Тот еле в седле держался, лошадиный бок кровью измочил. "Колено из пищали зацепили", - сказал он тускло. Он боялся смерти, а она в глаза своими бельмами пялилась.

- А где Плещеев? Чего-то не видать?

- Не знаю...

- Ты к оврагу езжай, там тебя перевяжут. Хватит с тебя страхов польских.

- А ты?

- Надо людей отводить. Передовые пока держат. Я туда своих пошлю, хоть и жаль до смерти, но другим не верю, не выдюжат... Эй, Тимоха, возьми плещеевских людей и наших, кого встретишь, и давай вперед. Скажешь, что Шереметев жив...

- Неужто?

- Ага, то есть дышит еще покуда, но ты, Тимоха, всем скажи, что его поцарапали слегка. Держитесь до последнего.

Тимоха мешкал, помирать не хотелось, но басмановский взгляд - "да я ж для него покойник" - и некуда было деваться.

- Па-ашел, мать твою! - рявкнул Басманов, и Тимоха, перехватив знамя повыше, чуя невыносимую предсмертную свободу, погнал коня с холма. "Помрем - забота не наша, - орал он на скаку, слезы ветер сжигал сразу же, еще на ресницах. - Голова - наживное дело!"

- Грешно чужою кровью откупаться, - пробормотал Сидоров, впрочем, не осуждая ничуть. К оврагу он не спешил, потому что наперед был уверен, что не добраться.

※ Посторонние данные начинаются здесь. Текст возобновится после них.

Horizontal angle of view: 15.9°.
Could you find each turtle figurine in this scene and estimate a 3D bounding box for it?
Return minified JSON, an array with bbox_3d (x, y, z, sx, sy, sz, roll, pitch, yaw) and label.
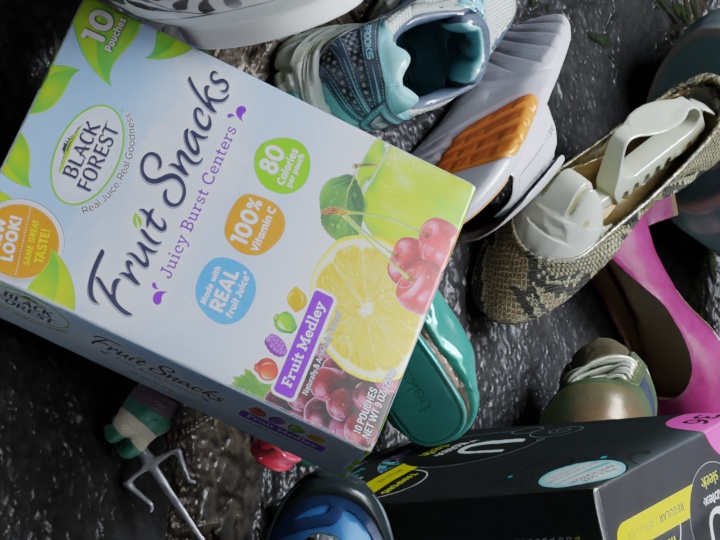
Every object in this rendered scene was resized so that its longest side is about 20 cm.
[{"bbox_3d":[-0.054,0.025,1.238,0.150,0.101,0.201,-22,96,-52],"label":"turtle figurine"}]

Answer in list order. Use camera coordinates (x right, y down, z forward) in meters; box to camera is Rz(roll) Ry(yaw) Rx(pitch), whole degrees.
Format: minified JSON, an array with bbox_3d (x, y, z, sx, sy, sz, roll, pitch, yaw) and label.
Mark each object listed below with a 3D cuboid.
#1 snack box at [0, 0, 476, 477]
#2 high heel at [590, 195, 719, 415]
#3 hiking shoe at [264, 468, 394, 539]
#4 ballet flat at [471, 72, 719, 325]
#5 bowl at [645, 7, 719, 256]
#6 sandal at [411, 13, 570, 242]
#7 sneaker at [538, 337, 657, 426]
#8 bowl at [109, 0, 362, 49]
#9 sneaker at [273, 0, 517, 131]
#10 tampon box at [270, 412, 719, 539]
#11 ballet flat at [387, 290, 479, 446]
[{"bbox_3d":[-0.065,-0.014,1.160,0.200,0.053,0.142,26,66,-7],"label":"snack box"},{"bbox_3d":[0.162,0.034,1.560,0.096,0.067,0.201,-21,97,-41],"label":"high heel"},{"bbox_3d":[-0.020,0.194,1.219,0.087,0.074,0.201,148,-51,-87],"label":"hiking shoe"},{"bbox_3d":[0.139,-0.051,1.476,0.200,0.068,0.075,-39,159,-22],"label":"ballet flat"},{"bbox_3d":[0.250,-0.088,1.604,0.105,0.201,0.201,8,77,-32],"label":"bowl"},{"bbox_3d":[0.082,-0.068,1.444,0.059,0.079,0.207,58,41,-25],"label":"sandal"},{"bbox_3d":[0.133,0.078,1.468,0.200,0.067,0.090,64,22,-66],"label":"sneaker"},{"bbox_3d":[-0.050,-0.159,1.171,0.201,0.200,0.094,-39,120,-49],"label":"bowl"},{"bbox_3d":[0.042,-0.117,1.392,0.200,0.086,0.078,-37,114,-49],"label":"sneaker"},{"bbox_3d":[0.084,0.153,1.309,0.150,0.200,0.127,-20,101,-53],"label":"tampon box"},{"bbox_3d":[0.000,0.000,1.342,0.200,0.067,0.070,60,15,-20],"label":"ballet flat"}]

- Ага, - Басманов наклонил свое знамя к самой земле, давая знак к отступлению, и со всех сторон загудели, завыли горны и хрипатые зурны. - Ты сказал что? Эй, Арсюха! Лучники готовы? Ну ладно, я доволен. Проводи воеводу в овраг, а то он еле жив. - И, нагнувшись, поцеловал его. - Прощай покуда. Знаешь, я передумал что-то помирать, и ты держись..." -- "Прощай," - вяло отозвался Сидоров. Склоняясь в седле все ниже и ниже, он ехал к дубраве и уже не слышал за спиной звуков битвы.

Басманов же мотался по всему полю, и от трехдневной бессонницы себя не чуял, одна легкость осталась. Стрела насквозь пройдет, как сквозь дым. Он прикинул, что тысяч пять им с Сидоровым все ж удалось собрать, и заорал сорванным голосом: "Все, отходим!" Но и так уж все бежали, татары висели на хвосте, но лучники из оврага их шуганули, те развернулись, пылью брызнули, и - поминай как звали.

Басманов cпустился в овраг одним из последних, от легкости и предельной усталости он как на крыльях летал. Навестил раненого Сидорова. "Ну, повеселел? Шереметев тоже оклемался, а то колодой лежал. Эх, пошла наша полоса. Щас передохнем, и они попрут, а мы их стрелами. Мать твою, да в этом овраге мы и год просидим, дом родной"...

Сидорову все ж плохо было. Он не слышал, как трижды приступал Девлет со всем войском, и трижды был отбит, как пошел дождь и лошади скользили на мокром склоне, ломая ноги, и как в десяти шагах от него сотника укусила гадюка, и он катался по земле, а никто не подошел, потому что татары снова пошли на приступ. Только одно он услышал четко, сквозь болезнь и боль. "Уходят! - кричал кто-то молодо и звонко. - Татары уходят!"